During his appearance on Trevor Noah’s podcast, influencer and political commentator Hasan Piker addressed one of the labels that has followed him throughout his rise in political commentary: being called the Joe Rogan of the left.
Trevor Noah set up the comparison by explaining why some people see parallels between the two personalities.
“They’re saying you are… there’s this school of thought that says you are what ironically the Democrats said they needed after Trump won,” Noah said. “The left doesn’t have a Joe Rogan. The left doesn’t have a manosphere. The left doesn’t have a space where there’s engaging hard discussion that doesn’t have a veneer of CNN on it. Doesn’t have the lobbyist stench on it. And then they said this is the person, Hasan Piker is the Joe Rogan of the left.”
Piker immediately rejected the comparison.
“I mean, I think Joe Rogan is a goon,” he said.
Noah laughed at the blunt assessment before responding, “A goon? What a funny word.”
Piker replied, “He’s kind of a dumba*s.”
Piker then clarified that he fundamentally disagrees with Rogan on most major issues.
“I don’t align with Joe Rogan on virtually any issue, especially as of late,” he said.
Piker also pushed back on the idea that the Democratic Party’s struggles could be solved simply by creating a left-wing version of Rogan’s platform.
“When they were doing that, they kept coming to me and going, ‘You’re the Joe Rogan of the left. What do you think is the problem with the party?'” Piker recalled. “And I kept telling them, this is an issue that you can’t podcast your way out of.”
He argued that the Democratic Party’s issues run much deeper than media presentation alone.
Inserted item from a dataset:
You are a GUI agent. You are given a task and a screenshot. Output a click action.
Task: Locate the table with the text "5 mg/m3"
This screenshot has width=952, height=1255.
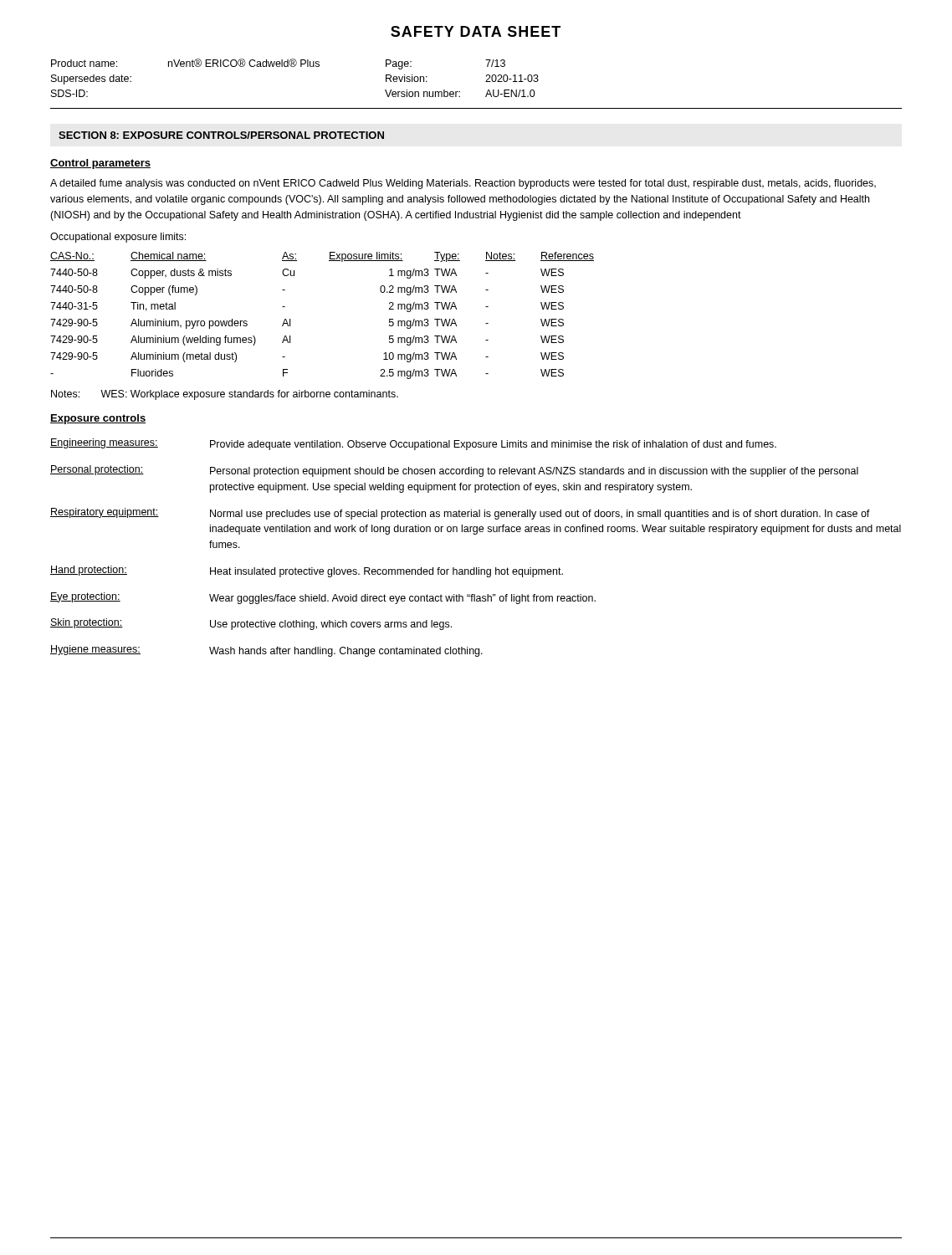click(x=476, y=315)

“This is a problem. This is a crisis within the ranks of the Democratic Party,” Piker said. “It’s a messaging problem, but more importantly, it’s a policy problem.”
While he acknowledged that a stronger liberal media ecosystem could help combat misinformation, Piker stressed that it would not solve the party’s underlying issues.
“What needs to change is not the media ecosystem or the media environment,” he said. “What needs to change is the party.”
Piker then explained how, after repeatedly hearing the comparison, he eventually leaned into it on his own terms by supporting candidates he believed would pursue meaningful reforms.
“They said, ‘No, you’re the Joe Rogan of the left,'” Piker said. “And then I was like, ‘Okay, all right, bet. Sure.’ I’m going to now also push forward candidates that are bold, that are actually invested in making material changes that will improve people’s lives.”
According to Piker, that was the point where many people who originally made the comparison became uncomfortable.
“And then they went, ‘No, no, no. Not like that. We don’t want that actually at all,'” he said.